▶ _THE TASK_
Could you filter the data below down to the lines that hold the word "width"?

═════ SOURCE MATERIAL ═════

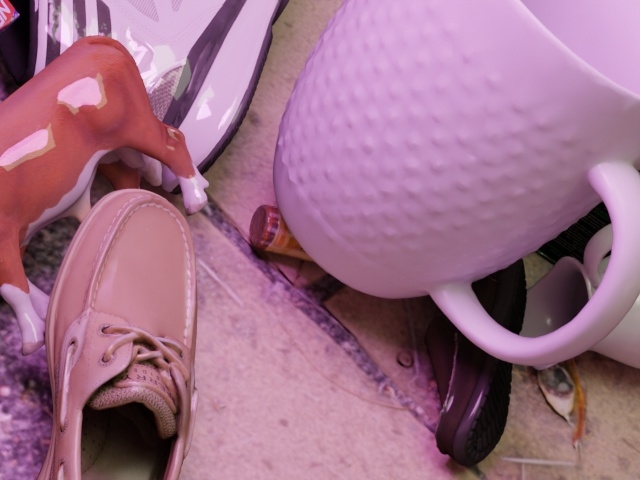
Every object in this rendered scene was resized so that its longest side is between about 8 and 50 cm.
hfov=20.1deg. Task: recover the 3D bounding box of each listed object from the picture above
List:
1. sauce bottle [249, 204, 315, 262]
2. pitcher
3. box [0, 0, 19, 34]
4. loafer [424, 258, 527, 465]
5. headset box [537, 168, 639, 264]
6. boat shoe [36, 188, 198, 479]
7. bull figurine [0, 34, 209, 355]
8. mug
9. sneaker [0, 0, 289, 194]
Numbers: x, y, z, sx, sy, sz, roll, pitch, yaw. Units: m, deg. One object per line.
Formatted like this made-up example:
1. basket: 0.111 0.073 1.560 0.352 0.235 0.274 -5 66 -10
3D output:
1. sauce bottle: 0.000 0.000 1.618 0.128 0.042 0.042 12 50 -26
2. pitcher: 0.305 0.045 1.657 0.207 0.178 0.125 0 51 -27
3. box: -0.446 -0.185 1.382 0.279 0.177 0.290 53 47 -7
4. loafer: 0.129 0.105 1.597 0.078 0.080 0.220 3 47 18
5. headset box: 0.244 -0.141 1.802 0.246 0.131 0.283 34 46 0
6. boat shoe: -0.138 0.115 1.341 0.121 0.110 0.341 16 68 -26
7. bull figurine: -0.242 -0.029 1.430 0.310 0.101 0.188 -40 105 -18
8. mug: 0.140 -0.073 1.508 0.276 0.328 0.374 0 53 -47
9. sneaker: -0.154 -0.275 1.643 0.257 0.169 0.447 31 48 -17
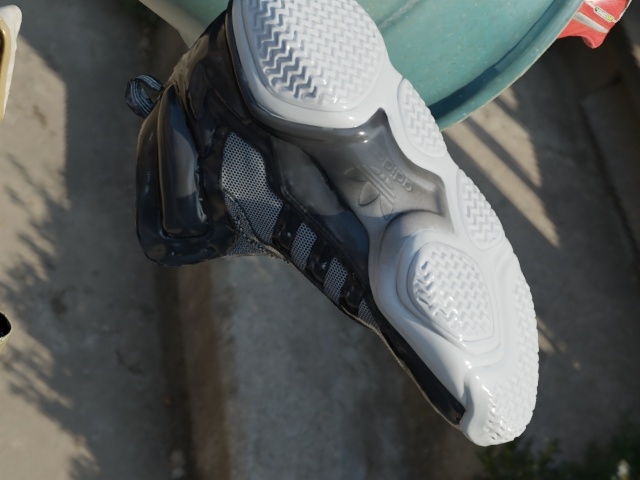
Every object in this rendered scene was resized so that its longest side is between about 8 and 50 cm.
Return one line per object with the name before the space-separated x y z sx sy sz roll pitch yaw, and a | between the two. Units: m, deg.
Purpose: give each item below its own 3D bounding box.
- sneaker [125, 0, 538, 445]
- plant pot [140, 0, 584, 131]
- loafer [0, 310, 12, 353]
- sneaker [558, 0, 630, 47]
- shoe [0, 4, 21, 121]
sneaker | 0.000 0.000 0.700 0.268 0.153 0.101 60 35 -4
plant pot | -0.044 -0.269 0.771 0.334 0.341 0.341 28 35 -44
loafer | -0.280 0.036 0.948 0.148 0.050 0.056 38 40 -32
sneaker | 0.170 -0.222 1.241 0.279 0.118 0.107 1 39 -22
shoe | -0.407 -0.193 1.606 0.076 0.219 0.058 27 38 -3
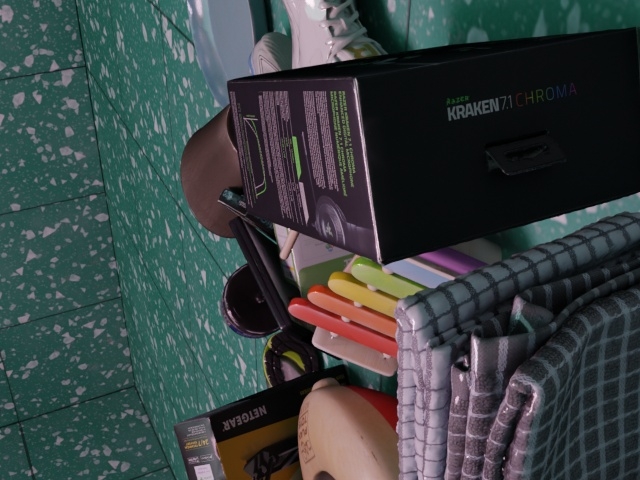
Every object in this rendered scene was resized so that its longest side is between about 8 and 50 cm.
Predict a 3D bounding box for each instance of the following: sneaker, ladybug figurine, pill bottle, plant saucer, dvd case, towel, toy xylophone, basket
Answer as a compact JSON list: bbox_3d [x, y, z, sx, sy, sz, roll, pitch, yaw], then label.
[{"bbox_3d":[0.029,-0.248,0.927,0.169,0.108,0.293,47,155,47],"label":"sneaker"},{"bbox_3d":[-0.035,0.295,1.441,0.121,0.111,0.300,-166,67,-79],"label":"sneaker"},{"bbox_3d":[0.108,0.374,1.040,0.449,0.161,0.305,67,157,18],"label":"ladybug figurine"},{"bbox_3d":[-0.111,0.108,1.427,0.219,0.122,0.123,132,121,-78],"label":"pill bottle"},{"bbox_3d":[-0.152,-0.365,1.352,0.317,0.043,0.318,46,144,49],"label":"plant saucer"},{"bbox_3d":[-0.041,0.077,1.210,0.180,0.022,0.253,61,-172,24],"label":"dvd case"},{"bbox_3d":[0.185,0.141,0.617,0.121,0.235,0.284,38,139,51],"label":"towel"},{"bbox_3d":[0.061,0.048,0.916,0.323,0.236,0.081,105,-175,-62],"label":"toy xylophone"},{"bbox_3d":[-0.117,-0.130,1.284,0.227,0.154,0.204,146,118,-63],"label":"basket"},{"bbox_3d":[-0.039,-0.184,1.134,0.086,0.085,0.237,-58,43,44],"label":"sneaker"}]

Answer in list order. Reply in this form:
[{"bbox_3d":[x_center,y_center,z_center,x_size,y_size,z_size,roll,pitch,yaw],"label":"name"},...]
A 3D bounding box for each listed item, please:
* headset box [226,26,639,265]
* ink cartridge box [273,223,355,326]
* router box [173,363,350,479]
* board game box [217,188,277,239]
[{"bbox_3d":[0.088,-0.090,0.684,0.283,0.246,0.131,19,121,63],"label":"headset box"},{"bbox_3d":[0.000,0.000,1.131,0.062,0.109,0.209,15,118,66],"label":"ink cartridge box"},{"bbox_3d":[-0.047,0.338,1.205,0.081,0.309,0.243,-21,84,38],"label":"router box"},{"bbox_3d":[-0.057,-0.008,1.213,0.186,0.026,0.126,36,176,-28],"label":"board game box"}]
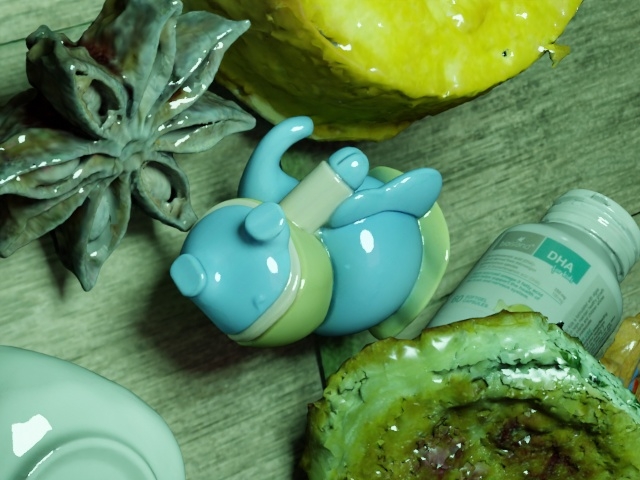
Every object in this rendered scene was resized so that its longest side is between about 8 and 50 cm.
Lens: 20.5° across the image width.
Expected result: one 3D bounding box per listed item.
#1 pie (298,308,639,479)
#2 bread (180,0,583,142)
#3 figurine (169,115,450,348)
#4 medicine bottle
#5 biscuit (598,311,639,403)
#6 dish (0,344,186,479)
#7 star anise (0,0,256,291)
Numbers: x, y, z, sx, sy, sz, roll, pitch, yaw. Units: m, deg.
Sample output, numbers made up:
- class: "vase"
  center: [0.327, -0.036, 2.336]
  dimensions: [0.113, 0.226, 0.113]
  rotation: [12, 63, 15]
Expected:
- class: "pie"
  center: [0.143, 0.210, 1.486]
  dimensions: [0.288, 0.103, 0.355]
  rotation: [-39, 118, 15]
- class: "bread"
  center: [0.028, -0.275, 1.411]
  dimensions: [0.398, 0.215, 0.398]
  rotation: [-1, 92, -33]
- class: "figurine"
  center: [0.001, 0.004, 1.396]
  dimensions: [0.262, 0.154, 0.180]
  rotation: [14, 100, -58]
- class: "medicine bottle"
  center: [0.197, 0.056, 1.586]
  dimensions: [0.215, 0.135, 0.135]
  rotation: [-49, 117, -27]
- class: "biscuit"
  center: [0.278, 0.143, 1.661]
  dimensions: [0.280, 0.043, 0.183]
  rotation: [-23, 141, -52]
- class: "dish"
  center: [-0.198, 0.203, 1.285]
  dimensions: [0.256, 0.117, 0.256]
  rotation: [1, 89, -37]
- class: "star anise"
  center: [-0.164, -0.087, 1.300]
  dimensions: [0.236, 0.109, 0.223]
  rotation: [-33, 149, -29]
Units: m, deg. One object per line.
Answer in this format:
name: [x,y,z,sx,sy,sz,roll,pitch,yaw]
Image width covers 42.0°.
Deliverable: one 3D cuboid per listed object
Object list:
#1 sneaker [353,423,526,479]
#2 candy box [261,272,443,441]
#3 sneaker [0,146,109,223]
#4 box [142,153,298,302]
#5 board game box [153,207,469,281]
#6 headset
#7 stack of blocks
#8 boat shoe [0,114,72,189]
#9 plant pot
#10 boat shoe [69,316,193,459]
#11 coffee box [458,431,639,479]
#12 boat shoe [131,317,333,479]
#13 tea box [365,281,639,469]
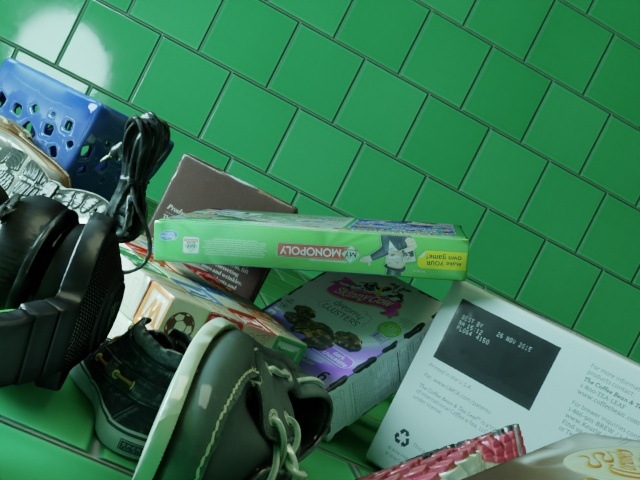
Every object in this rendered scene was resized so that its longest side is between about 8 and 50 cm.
sneaker: [0.091,0.203,0.582,0.299,0.121,0.112,6,61,-56]
candy box: [0.024,0.112,0.944,0.165,0.196,0.070,27,-43,43]
sneaker: [-0.378,-0.032,1.152,0.279,0.107,0.118,29,-18,22]
box: [-0.147,0.010,1.145,0.168,0.203,0.167,27,1,-2]
board game box: [0.000,0.000,0.933,0.317,0.046,0.213,4,6,7]
headset: [-0.239,-0.015,0.609,0.243,0.185,0.394,25,13,16]
stack of blocks: [-0.172,0.068,0.887,0.171,0.087,0.297,25,2,-40]
boat shoe: [-0.495,-0.143,1.287,0.324,0.123,0.116,28,31,22]
plant pot: [-0.440,-0.153,1.457,0.236,0.212,0.236,28,2,24]
boat shoe: [-0.141,0.093,0.646,0.065,0.083,0.183,26,1,-28]
coffee box: [0.159,0.185,0.472,0.141,0.098,0.246,-2,-1,43]
boat shoe: [-0.046,0.127,0.594,0.099,0.116,0.319,23,-4,7]
tea box: [0.287,0.227,0.896,0.329,0.220,0.323,28,2,35]
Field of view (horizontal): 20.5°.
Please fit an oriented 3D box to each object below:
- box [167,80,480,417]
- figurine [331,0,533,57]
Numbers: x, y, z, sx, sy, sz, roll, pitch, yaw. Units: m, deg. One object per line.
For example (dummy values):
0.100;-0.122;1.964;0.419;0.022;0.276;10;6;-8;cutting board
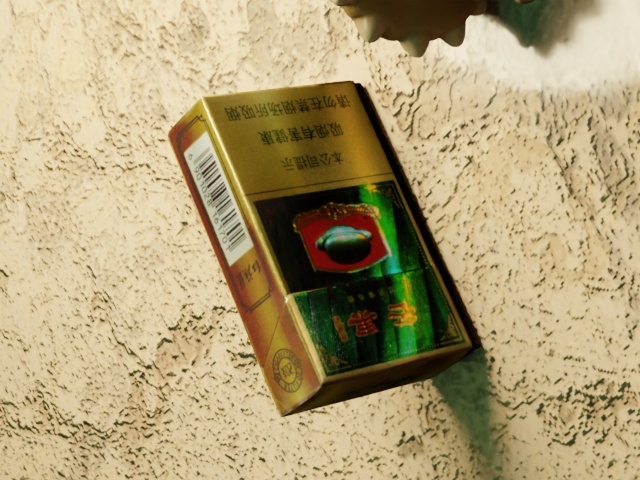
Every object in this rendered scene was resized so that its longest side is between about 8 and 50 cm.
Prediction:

═════

▶ _RESPONSE FOR THIS EXERCISE_
Lens: 20.5° across the image width.
Image width covers 42.0°.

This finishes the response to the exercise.